Organizations are being driven to be sophisticated in their use of data, and specifically in acting on fast data, to make critical business decisions. Fast data is data in motion, not data at rest (that is, stored for longer-term analysis). Studies have shown that data has the greatest value immediately after it is generated, as it enters an organization’s data pipeline, and loses value with time. This makes it critical for companies to harness the “actionable power” of data as soon as possible.
Early adopters include enterprises in telecom, mobile, IoT, ad technology, and financial services, but companies in just about every vertical can benefit from making fast data part of their operational systems. Many of these organizations are doubling down on fast data in 2016 to boost their ability to:
- Personalize interactions and serve relevant offers;
- Detect fraud before the company (or its customers) sustains a loss;
- Ensure compliance with operational SLAs;
- Respond in real time to data events;
- Create applications that drive business value from fast-moving streams of data;
- Achieve accuracy in operations, billing and service delivery; and
- Enrich customer decisions and interactions.
Benefits of a Fast Data Strategy
Most companies have Cloud, Big Data, and storage strategies. Developing a plan to deal with fast data ensures you can build a program to execute on the strategy and have the methodologies and process to measure results.
It’s key to keep in mind that fast data is streaming into the organization at wire speed. That’s the greatest challenge in working with fast data – you don’t have the luxury of “time”. You have milliseconds to decide what to do and to act, not minutes, hours or days. Simply pushing data directly into a long-term analytics or storage engine is a lost opportunity to act on data in real-time. Among the benefits of a fast data strategy are the ability to offer end users a better experience through micro-personalization; the ability to respond in real time to per-event data; and the ability to lower cost and complexity in application development.

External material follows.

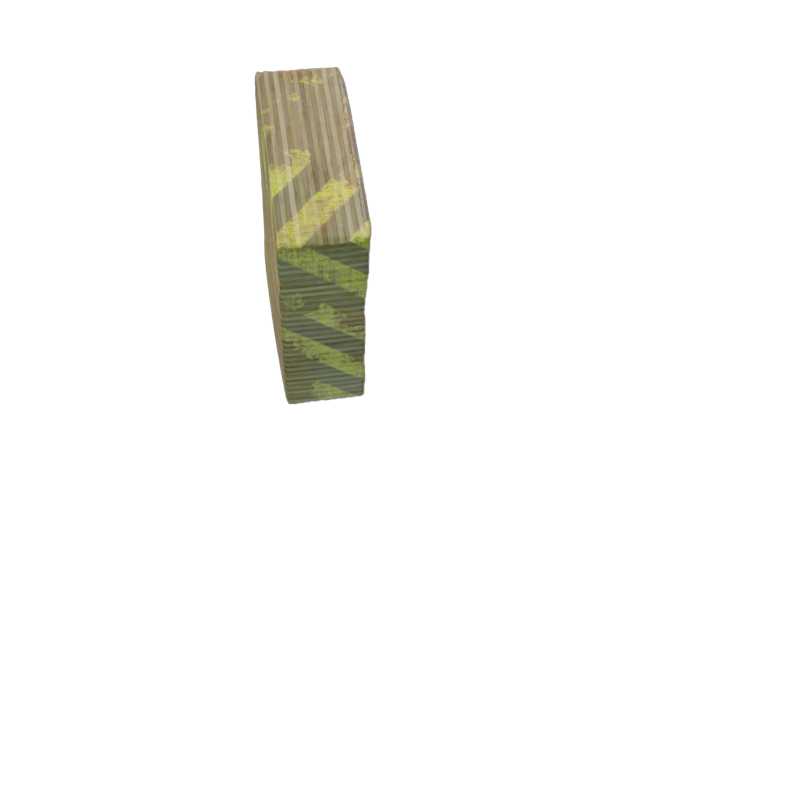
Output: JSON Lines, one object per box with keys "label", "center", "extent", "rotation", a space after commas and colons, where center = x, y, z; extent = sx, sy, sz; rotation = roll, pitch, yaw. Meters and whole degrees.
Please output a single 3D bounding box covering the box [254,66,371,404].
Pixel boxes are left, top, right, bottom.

Industries Moving to Fast Data
Mobile, telecoms, IoT, financial services, ad tech and gaming are industries that need more than analytic insight: they need to act on fast data as it comes in to the enterprise. But all industries need to start thinking about fast data, just as they needed to start thinking about big data several years ago. The rise of the Internet of Things (IoT) and machine to machine (M2M) networks mean more fast data for companies to take advantage of and to act upon. As we witnessed with the disruptive companies of the recent past who have capitalized on big data, the next disruptors will use fast data as their main weapon.
Take mobile. A provider of a leading real-time, adaptive contextual marketing platform for mobile service providers estimates that providers have less than 250 milliseconds to respond to a dissatisfied user before that user considers switching providers. For this company and its customers, waiting more than 250 milliseconds to ingest, analyze and act on data – about the amount of time it takes to blink an eye – is too long. Responding to data events in real time – such as the end of a call, use of a mobile device in a particular location, or a user hitting a data usage threshold – helps Communications Service Providers (CSPs) personalize service offerings for each subscriber. With a fast data strategy, CSPs can create usage and trigger- based campaigns to reduce churn and increase average revenue per user (ARPU) by tailoring offers, rewarding the consumer with a better data plan, or notifying the subscriber of data thresholds.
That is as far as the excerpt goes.